Fractions are a way of expressing numbers that are not whole. They consist of a numerator, the top part of the fraction, and a denominator, the bottom part. Understanding fractions is crucial since they often appear in various mathematical problems, including equations.
In our equation, we deal with a fraction: \(\frac{1}{3}n = \frac{2}{9}\). The fraction \(\frac{1}{3}\) is multiplied by \(n\), while another fraction, \(\frac{2}{9}\), stands alone on the other side of the equation. To solve problems involving fractions, one key technique is making them easier to manage. Sometimes, this involves converting them to a format that is easier to work with, like whole numbers.
When fractions share a similar denominator or can be simplified, solving the equation becomes straightforward. This is why removing fractions by multiplying or simplifying them is a beneficial strategy. Developing comfort and skill with fractions opens doors to solving more intricate mathematical problems.

Solving equations refers to finding the value of the variable that makes the equation true. Equations can seem complex, especially when they involve fractions or multiple steps.
The equation in our exercise is originally presented as \(\frac{1}{3}n = \frac{2}{9}\). To solve it, we strategically eliminate the fraction where possible. A common technique is multiplying both sides of the equation by the denominator of the fraction on the side where the variable exists.
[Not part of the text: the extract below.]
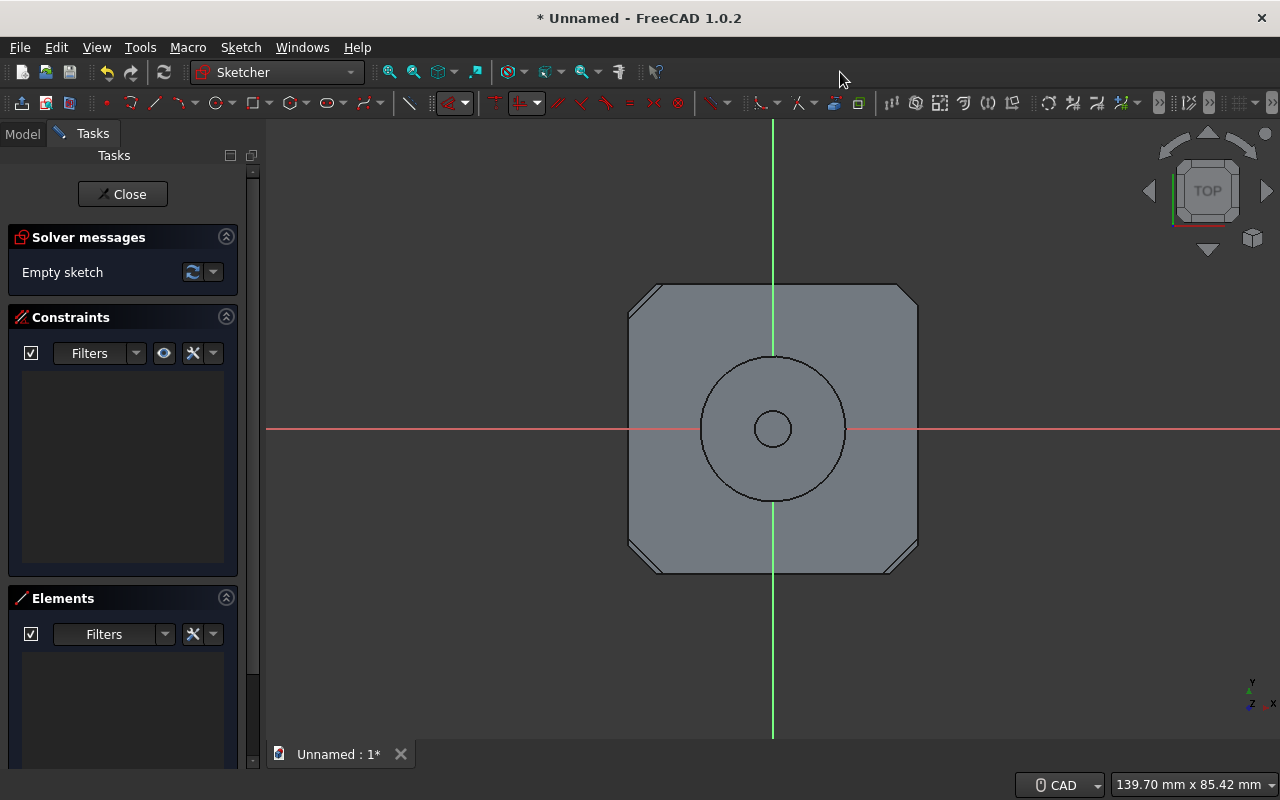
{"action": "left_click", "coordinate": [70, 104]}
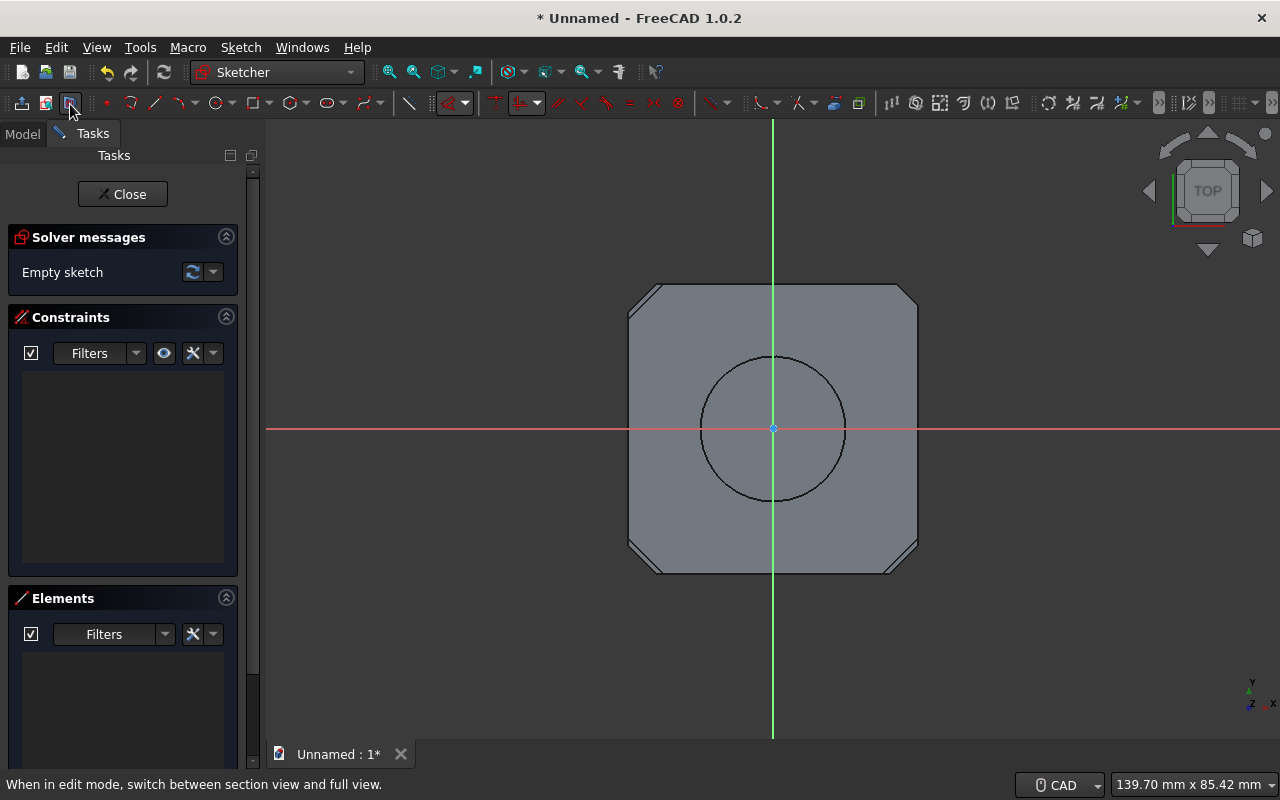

Here, we multiply by 3 to clear the fraction:

• This transforms the left side of the equation into \(n\).
• Then multiply the other side: \(\frac{2}{9} \times 3 = \frac{6}{9}\).

Now, solving the equation becomes easier as we've transformed it into one with simpler numbers or fractions, facilitating further steps to finding the solution.

Simplifying expressions is a key mathematical skill that involves reducing expressions to their most basic form, removing any unnecessary complexity. For example, \(\frac{6}{9}\) can be simplified by dividing both the numerator and the denominator by their greatest common divisor, which is 3.
In this exercise, after multiplying to eliminate fractions, we were left with the expression \(\frac{6}{9}\). This was simplified to \(\frac{2}{3}\) by recognizing that both 6 and 9 are divisible by 3:

• Divide the numerator by 3: \(6 \div 3 = 2\).
• Divide the denominator by 3: \(9 \div 3 = 3\).

This simplification process is crucial as it not only makes expressions more understandable but also checks for accuracy when solving or verifying equations. Simplifying helps ensure that final answers are accurate and precise.